Impresionantes fuentes. ¿Tienes localizadas más fuentes medievales de esas?

----------

## cameta

A ver si consigues que el ebuild no entre   :Shocked:  en todos los mirrors de gentoo buscando el fichero y directamente vaya a donde esta, no como ahora que es lo último que mira.   :Shocked:   :Shocked: 

----------

## pcmaster

 *cameta wrote:*   

> A ver si consigues que el ebuild no entre   en todos los mirrors de gentoo buscando el fichero y directamente vaya a donde esta, no como ahora que es lo último que mira.   

 

Hecho. Sólo hacía falta añadir el RESTRICT="mirror". No me había dado cuenta porque ya tenía los archivos en el directorio distfiles y por lo tanto no los bajaba.

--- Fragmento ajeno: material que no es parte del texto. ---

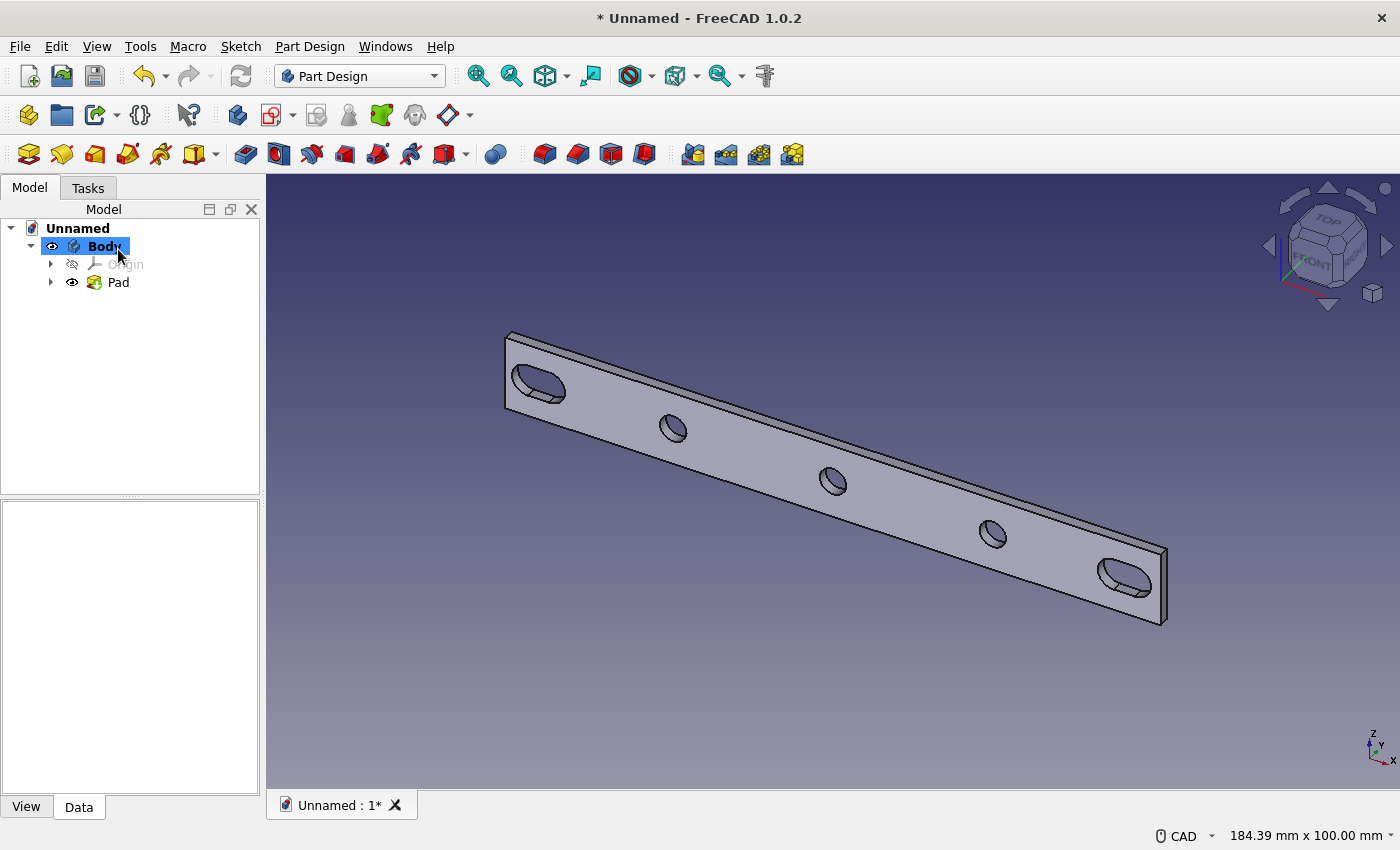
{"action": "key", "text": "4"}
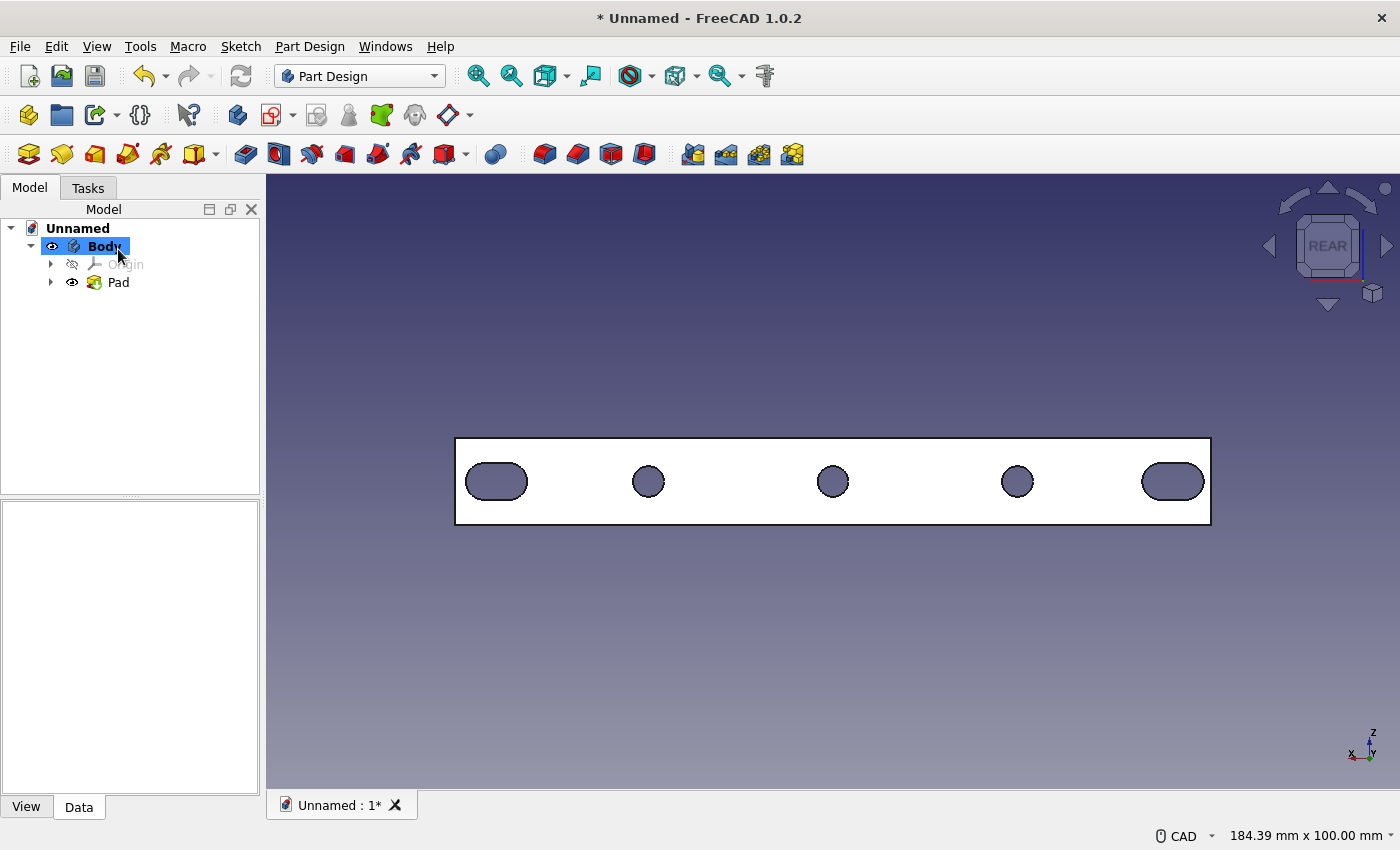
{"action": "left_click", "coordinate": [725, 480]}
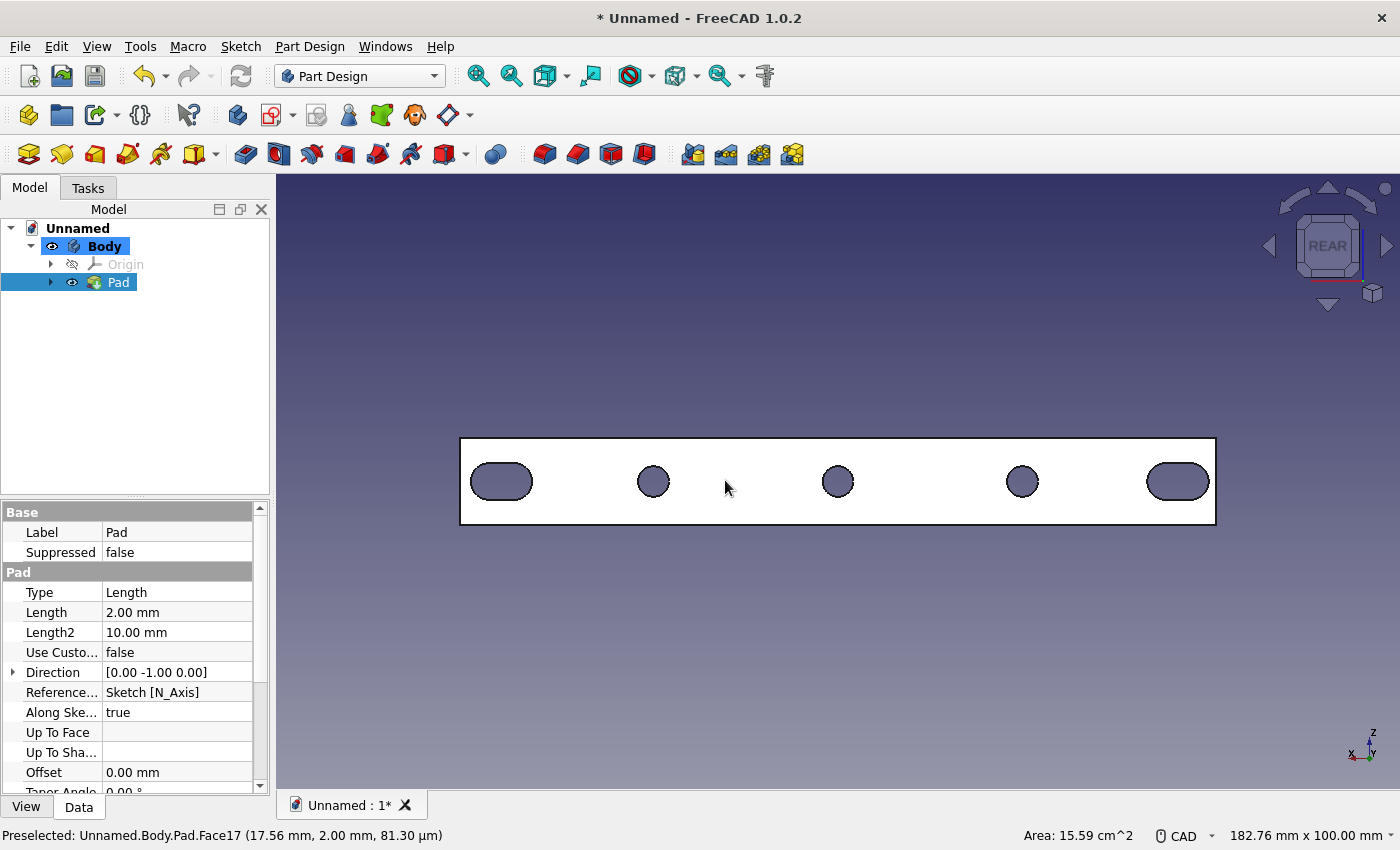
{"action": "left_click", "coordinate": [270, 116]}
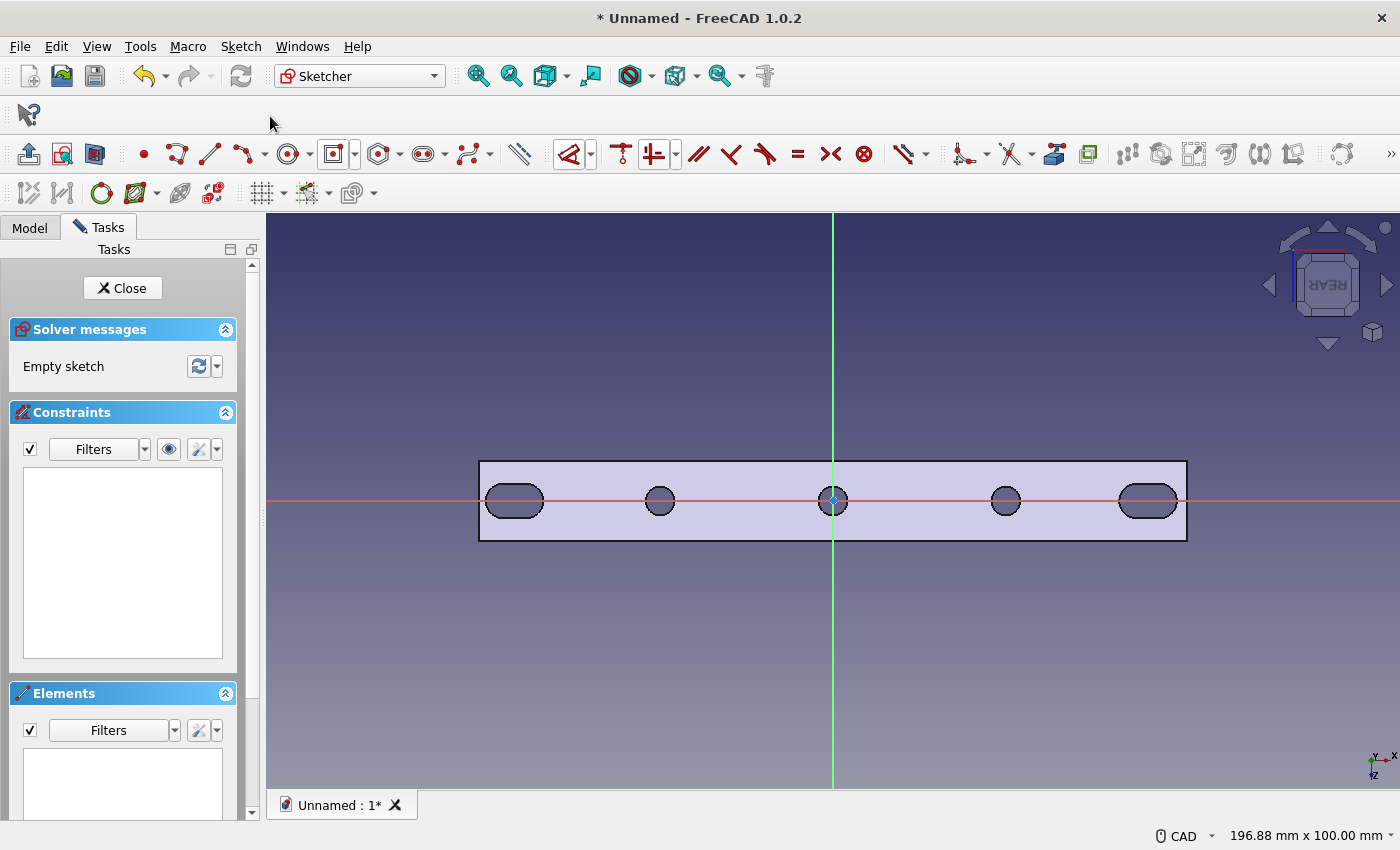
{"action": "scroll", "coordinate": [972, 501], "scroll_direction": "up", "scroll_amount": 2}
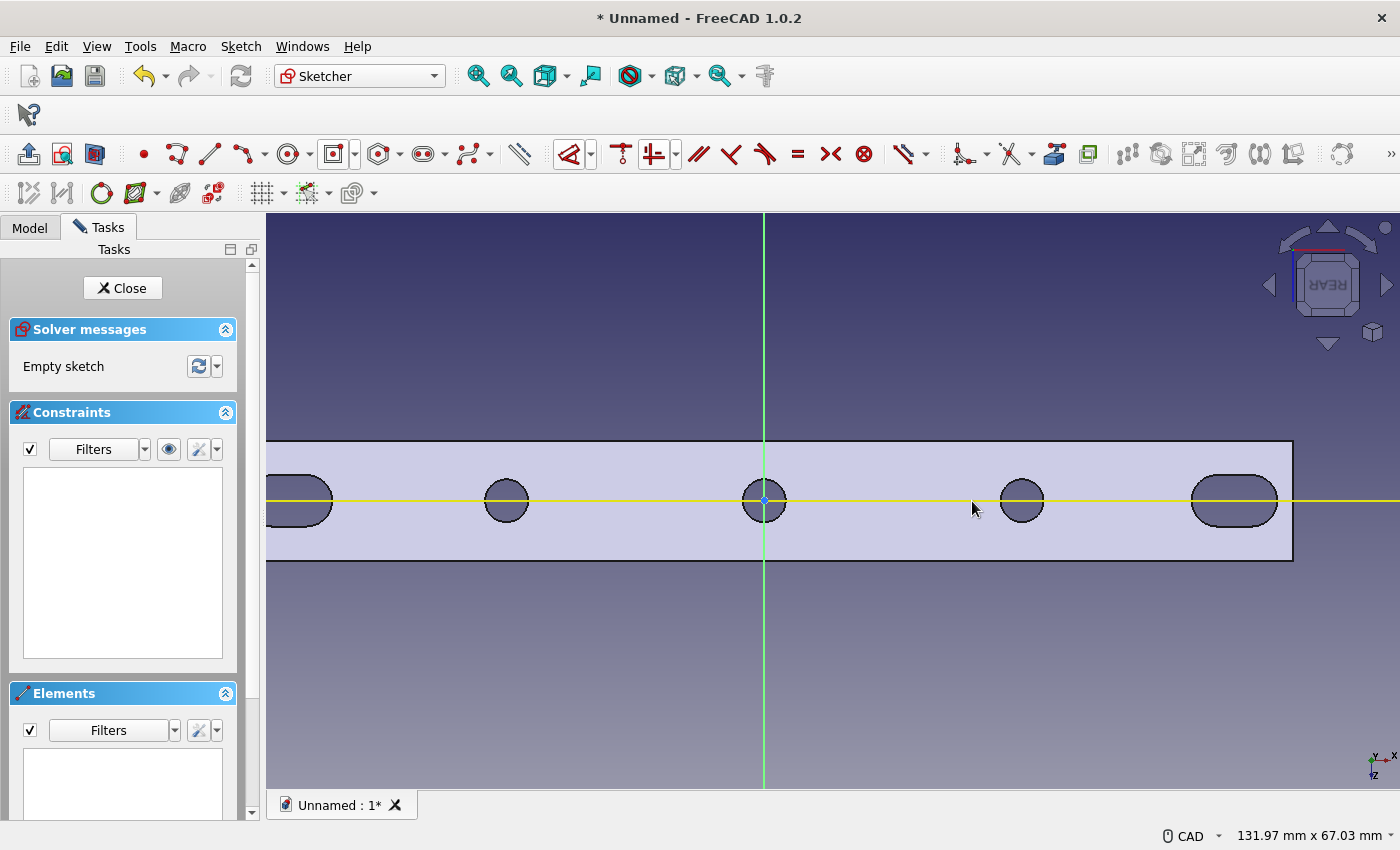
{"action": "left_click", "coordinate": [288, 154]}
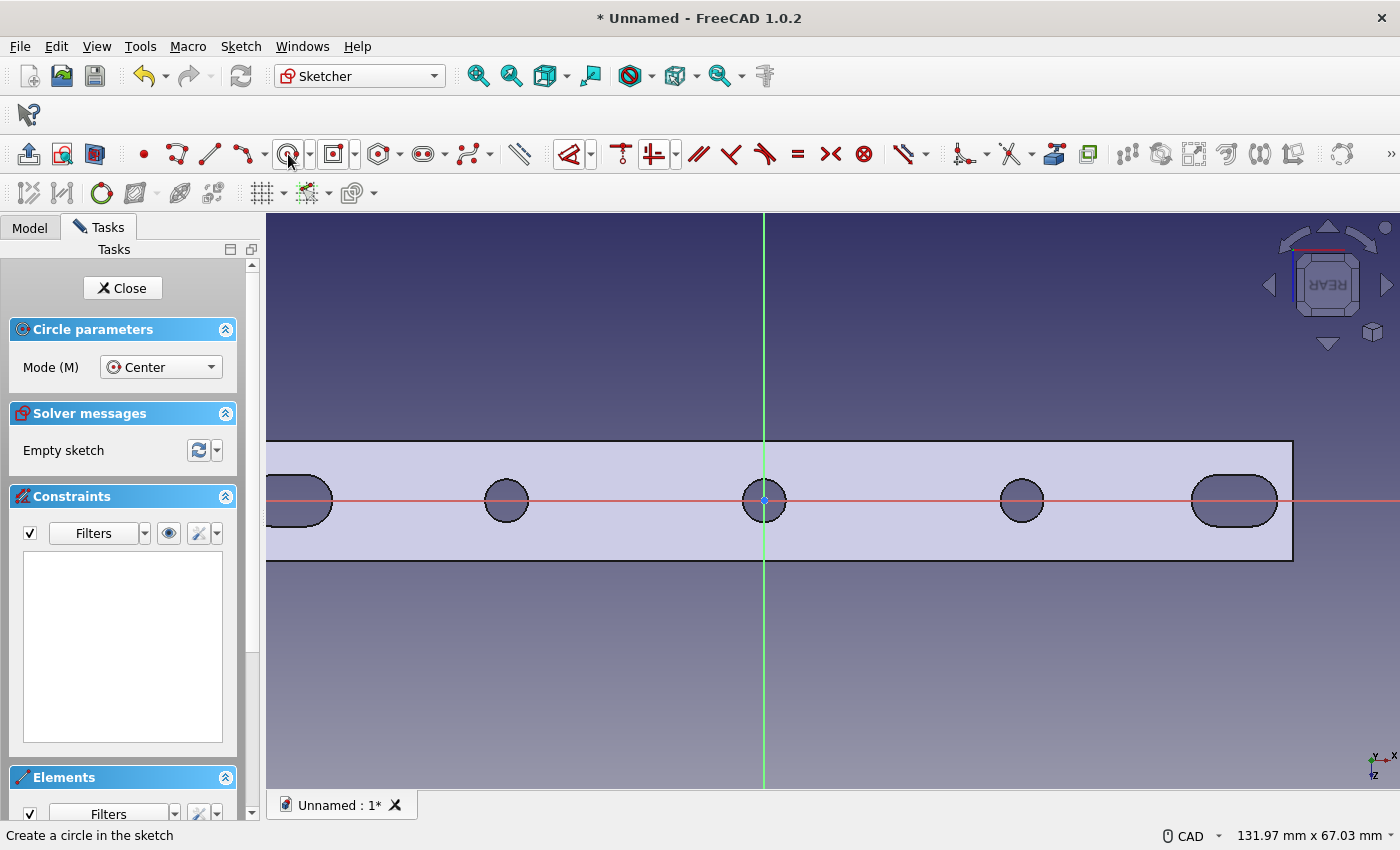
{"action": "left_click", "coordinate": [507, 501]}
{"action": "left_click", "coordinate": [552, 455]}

No conozco más fuentes de estas, pero si encuentras alguna me lo dices e intento hacer el ebuild.

---Edito---

Buscando en Google he encontrado esta página: https://www.dafont.com/es/ pero hay demasiadas para hacer un ebuild.  :Wink: 

----------

## cameta

https://www.1001freefonts.com/es/

Otra buena página de estas.

----------

## cameta

https://rymaneco.co.uk/

Tipografia RYMAN, permite ahorrar un 30 % de tinta (que no es precisamente barata)

----------